My secret garden
For many non-Asians, there's little reason to plumb the tangle of strip stores and businesses brooding on Royal Lane as it threads past Harry Hines Boulevard and butts up against Stemmons Freeway. It's a starkly asphalted stretch with convenience stores, professional offices, importers, and wholesale businesses. And restaurants.
This piece of Dallas is known by a handful of names: Korea Town, Little Korea, Little Asia, and, perhaps officially, the Asia Trade District. The area is roughly 70 percent Korean. Signs on most of the businesses are in Korean, with a word in English here and there indicating the type of commerce proffered to those unfamiliar with the language. "Restaurant" is one of those words.
I've sampled some of the places along this stretch, some good, others not so good, few memorable. Which always seemed strange, because if ever there was a strip with potential for a dazzling hole-in-the-wall, it's the Asia Trade District, or whatever you want to call it.
That hole, however, does exist. It's Seoul Garden, a divot that rivals just about any exceptional restaurant in Dallas you can think of. It's not because of the ambiance. Seoul Garden is plugged into a tiny new strip next to a convenience store on the corner of Royal Lane and Reeder Road, a ramshackle industrial area mulched with seediness. Just across Reeder is the shuttered Star Video, the place nightclub operator Steve Kahn and his brother Bruce are attempting to transform into an adult emporium and totally nude dance club.
And it's not because of the service. Even after discounting for missteps due to language and cultural barriers, Seoul Garden leans a bit toward the inattentive side. But in terms of food -- its freshness, its flavors, the level of meticulous care put into the smallest dish -- this restaurant has few equals.
"Seoul Garden" is almost imperceptibly lettered just above the glass doors. Inside, it's just about what you'd expect: bright with white patterned wallpaper, white tile floors, chrome-backed chairs in the main dining room, and a big tropical fish tank.
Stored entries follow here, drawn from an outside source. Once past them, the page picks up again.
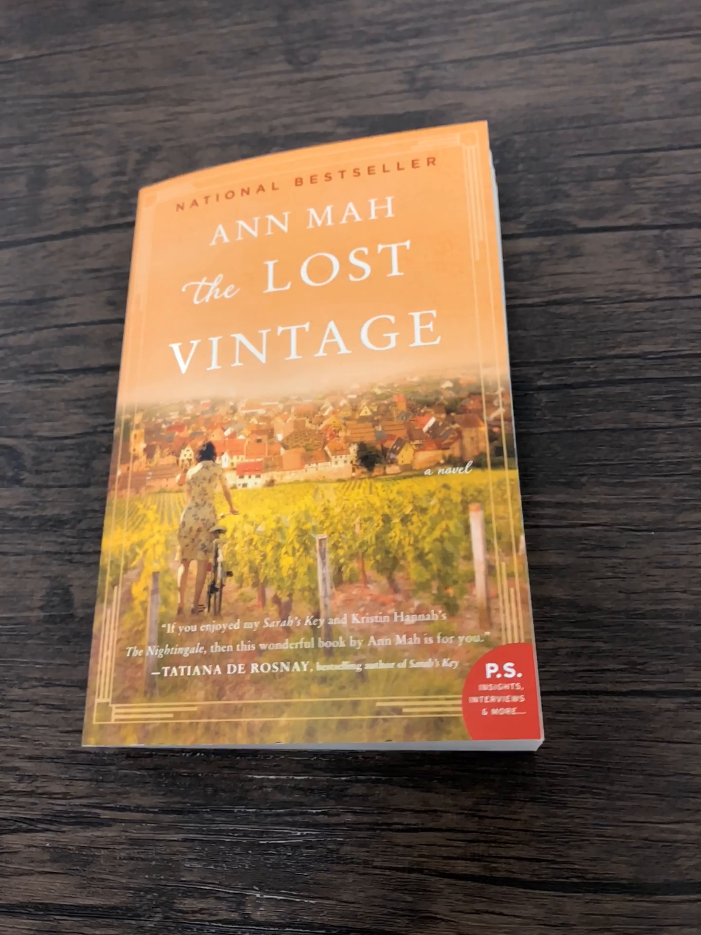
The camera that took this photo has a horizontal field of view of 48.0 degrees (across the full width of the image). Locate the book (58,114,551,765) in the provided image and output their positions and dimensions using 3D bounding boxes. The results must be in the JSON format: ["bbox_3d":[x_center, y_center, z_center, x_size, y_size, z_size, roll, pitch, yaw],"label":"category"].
[{"bbox_3d":[-0.013,-0.010,0.258,0.134,0.040,0.200,-5,70,11],"label":"book"}]
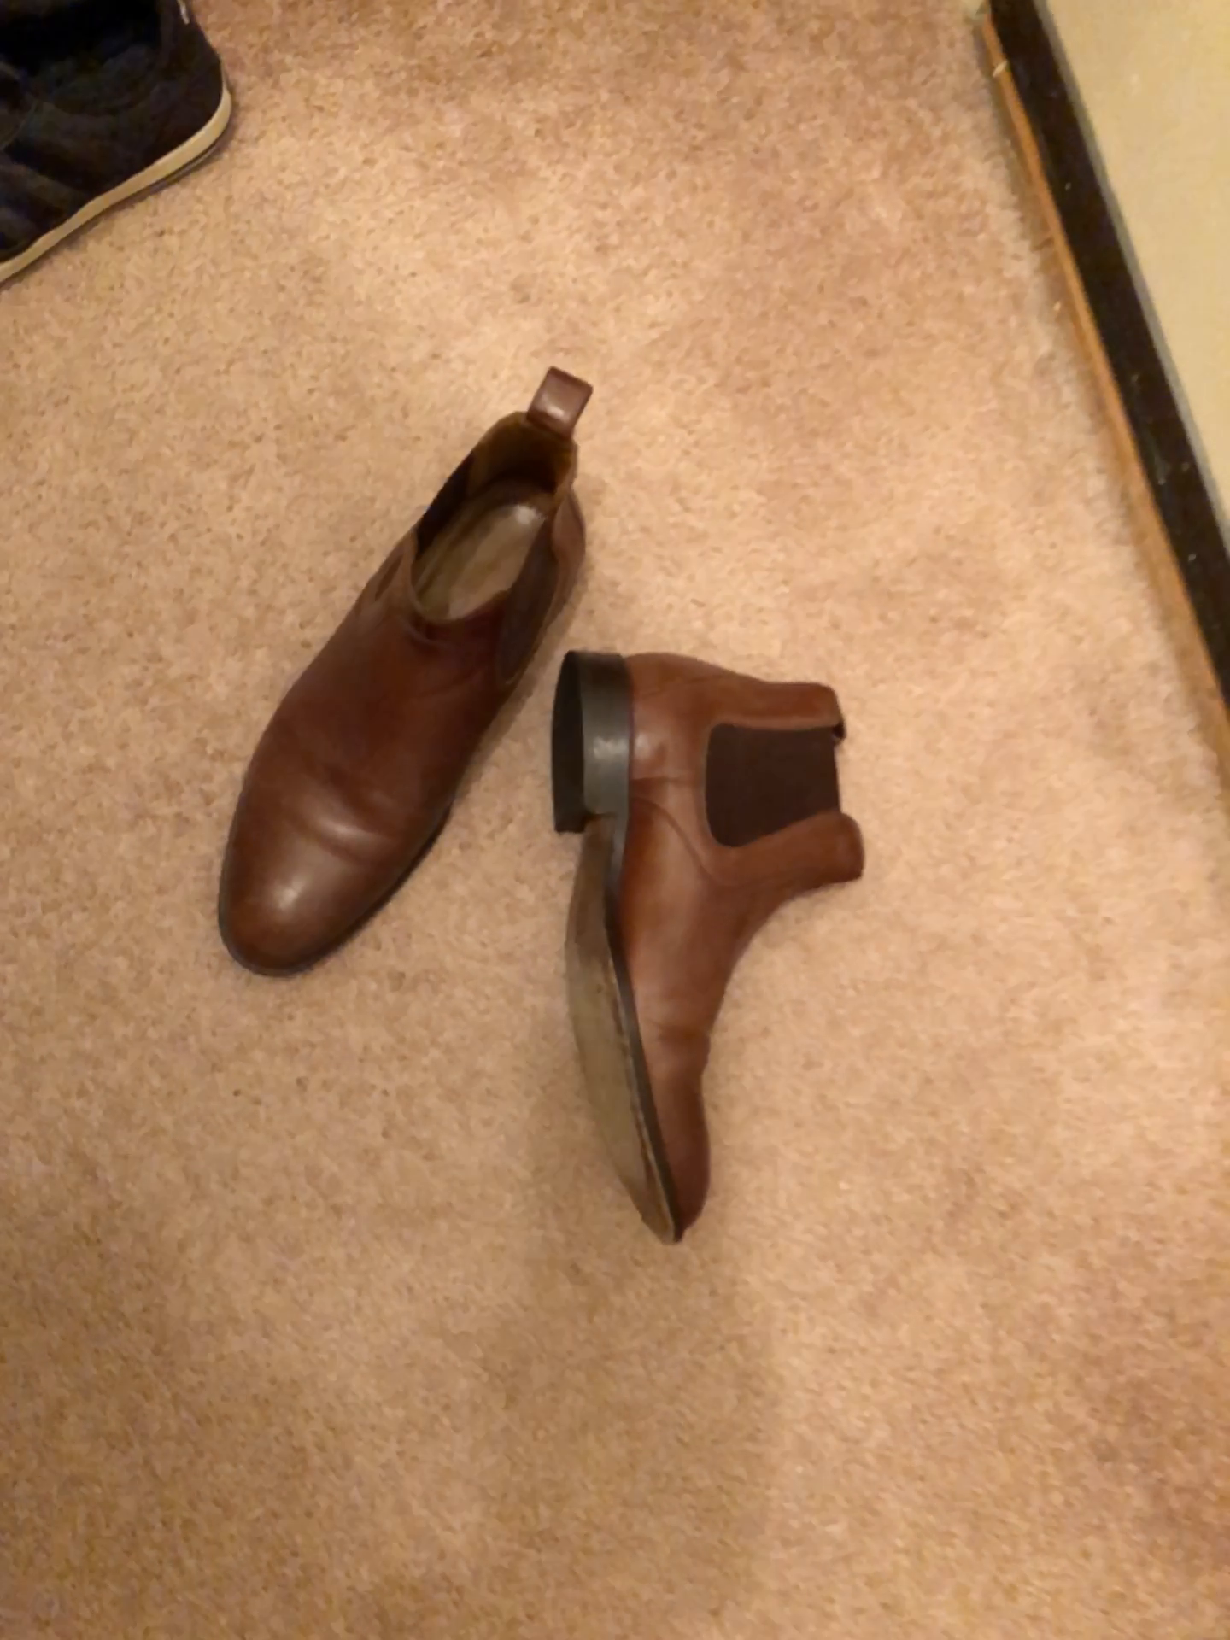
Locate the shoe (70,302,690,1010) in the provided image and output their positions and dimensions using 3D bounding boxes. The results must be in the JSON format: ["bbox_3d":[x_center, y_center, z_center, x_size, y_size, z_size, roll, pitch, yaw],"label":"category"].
[{"bbox_3d":[-0.102,-0.066,0.651,0.109,0.159,0.296,34,79,-1],"label":"shoe"}]

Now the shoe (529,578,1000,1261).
[{"bbox_3d":[0.065,0.046,0.688,0.169,0.119,0.296,-7,83,-10],"label":"shoe"}]
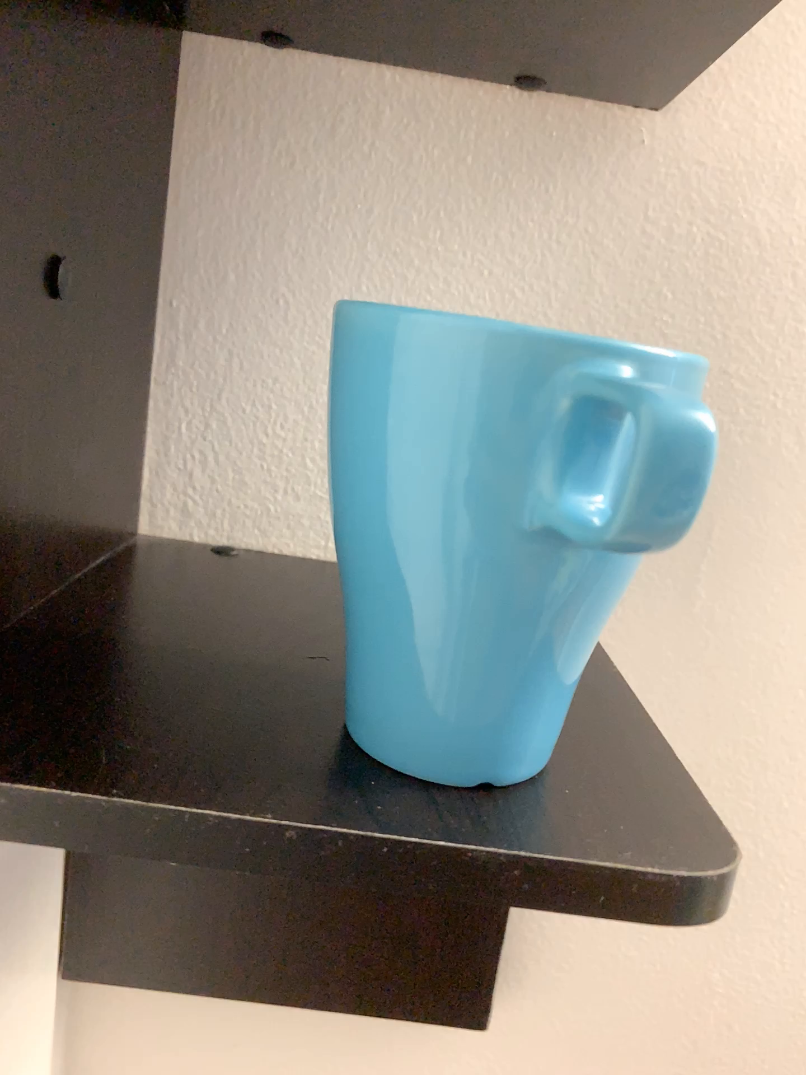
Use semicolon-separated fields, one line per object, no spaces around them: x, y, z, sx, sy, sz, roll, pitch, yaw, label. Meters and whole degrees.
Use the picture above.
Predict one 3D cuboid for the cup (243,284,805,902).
0.029;-0.002;0.185;0.090;0.090;0.110;2;13;-28;cup
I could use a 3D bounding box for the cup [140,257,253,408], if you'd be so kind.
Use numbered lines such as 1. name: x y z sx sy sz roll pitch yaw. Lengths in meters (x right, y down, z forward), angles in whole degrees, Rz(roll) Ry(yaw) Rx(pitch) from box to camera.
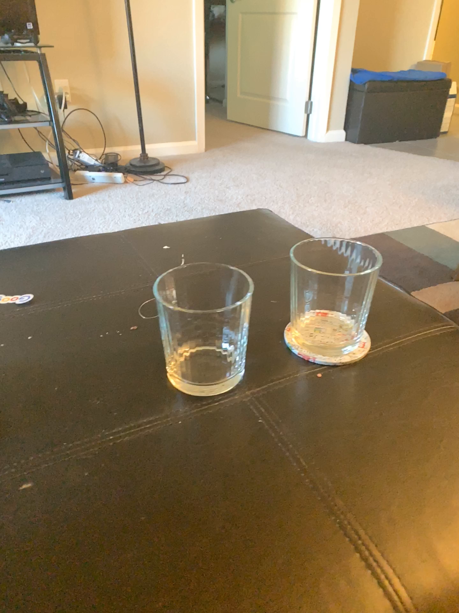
1. cup: -0.025 0.021 0.427 0.080 0.099 0.080 1 31 0

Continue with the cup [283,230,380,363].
1. cup: 0.104 -0.013 0.494 0.080 0.099 0.090 6 32 8
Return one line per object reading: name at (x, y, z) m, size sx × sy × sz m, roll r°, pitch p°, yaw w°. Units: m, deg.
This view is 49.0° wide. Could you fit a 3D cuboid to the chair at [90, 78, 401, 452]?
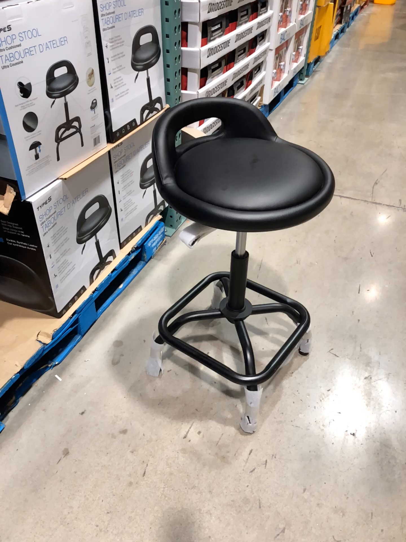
chair at (0.100, -0.033, 1.210) m, size 0.511 × 0.747 × 0.481 m, roll 24°, pitch 43°, yaw 26°

Stacks of Korean newspapers rise next to the door.
Formica tables crowd the dining areas, a few of them holding an unusual option: barbecue pits. These pits are for Korean barbecue, a do-it-yourself grilling of marinated beef, chicken, or seafood. A server lifts the stainless steel lid in the center of the table and fires things up. Then a metal bucket, filled with red-hot coals, is lowered into a hole in the table. A slotted metal disk is dropped into place.
Marinated rib eye steak is served in large, thin sheets of marbled meat spread over a platter with clusters of mushrooms and onions off to the side. A plate stacked with fresh romaine lettuce employed to wrap the grillings accompanies the meat platter. A server snips the steak into small strips with scissors, and then leaves you to fend for yourself. Which you do, kissing the strips to the grill with a sharp hiss, quickly flipping them with chopsticks.
The meat comes with dipping sauces, a thick miso sauce the consistency of peanut sauce, and a thin, light sesame sauce. But the tender, rich meat needs nothing.
Korean meals are populated by clusters of side dishes. These freshly energetic, articulately seasoned dishes include clean, nutty seaweed salad; tangles of cold potato and carrot threads; noodles twisted with seaweed; sweet, chewy fish cake; bright broccoli florets dribbled with sweet hot sauce; creamy Korean cole slaw; crisp green beans; and strikingly pungent cabbage and cucumber kimchi (spicy fermented, pickled vegetables).
The unusual thing about Korean cuisine is the ubiquitousness of the chili, which punches its sauces and kimchi. Having originated in Central America, chilies are thought to have entered the Korean peninsula around 1592, when Portuguese Catholic priests carrying chili seeds (brought to Europe by the Spaniards) accompanied invading Japanese troops during the seven-year war between the two countries.
Historically, the Korean peninsula has been bludgeoned by numerous Japanese invasions, which perhaps explains why Korean cuisine, like Japanese, is beset with clear, energetic flavors and brisk cleanliness. It may explain Seoul Garden's sushi bar, which serves up sushi as fresh, cool, clean, and bright as any of the better offerings in Dallas.
Such focus on detail carries over to virtually everything on the menu. Steamed dumplings -- filled with beef, onion, and carrot -- were moist, firm, and perfectly supple. Braised octopus with carrot and onion in brisk hot sauce garnished with a tangle of cold noodles was firm yet tender, with hints of sweetness peering out of the surging heat.
Dallas has many spots promising distinctive dining "experiences." But it's hard to imagine a more powerful dining experience than the one in this mall slot. After all, its experiential power is packed where it should be: in the food.